● EXERCISE DIRECTIONS: No pictures go into the copy. Write out every line below exactly.

● INPUT DATA:
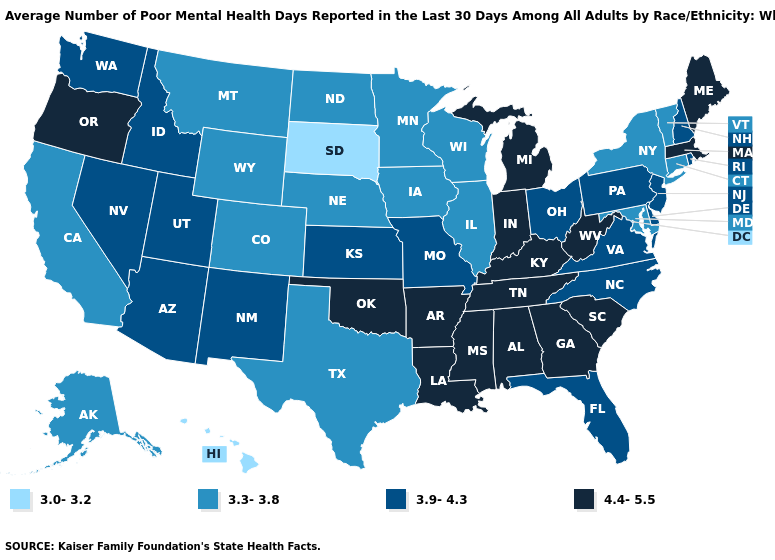What is the value of Montana?
Be succinct. 3.3-3.8. Name the states that have a value in the range 3.0-3.2?
Concise answer only. Hawaii, South Dakota. Does Hawaii have a lower value than South Dakota?
Be succinct. No. Does New Mexico have the same value as Pennsylvania?
Quick response, please. Yes. Among the states that border Colorado , which have the lowest value?
Concise answer only. Nebraska, Wyoming. How many symbols are there in the legend?
Give a very brief answer. 4. What is the value of South Dakota?
Write a very short answer. 3.0-3.2. What is the highest value in the USA?
Give a very brief answer. 4.4-5.5. Does the map have missing data?
Write a very short answer. No. Does North Carolina have the same value as Kentucky?
Quick response, please. No. What is the value of Missouri?
Write a very short answer. 3.9-4.3. Does the map have missing data?
Give a very brief answer. No. What is the highest value in states that border Pennsylvania?
Concise answer only. 4.4-5.5. Does Arkansas have the highest value in the USA?
Short answer required. Yes.

● ANSWER SECTION:
What is the value of Montana?
Be succinct. 3.3-3.8. Name the states that have a value in the range 3.0-3.2?
Concise answer only. Hawaii, South Dakota. Does Hawaii have a lower value than South Dakota?
Be succinct. No. Does New Mexico have the same value as Pennsylvania?
Quick response, please. Yes. Among the states that border Colorado , which have the lowest value?
Concise answer only. Nebraska, Wyoming. How many symbols are there in the legend?
Give a very brief answer. 4. What is the value of South Dakota?
Write a very short answer. 3.0-3.2. What is the highest value in the USA?
Give a very brief answer. 4.4-5.5. Does the map have missing data?
Write a very short answer. No. Does North Carolina have the same value as Kentucky?
Quick response, please. No. What is the value of Missouri?
Write a very short answer. 3.9-4.3. Does the map have missing data?
Give a very brief answer. No. What is the highest value in states that border Pennsylvania?
Concise answer only. 4.4-5.5. Does Arkansas have the highest value in the USA?
Short answer required. Yes.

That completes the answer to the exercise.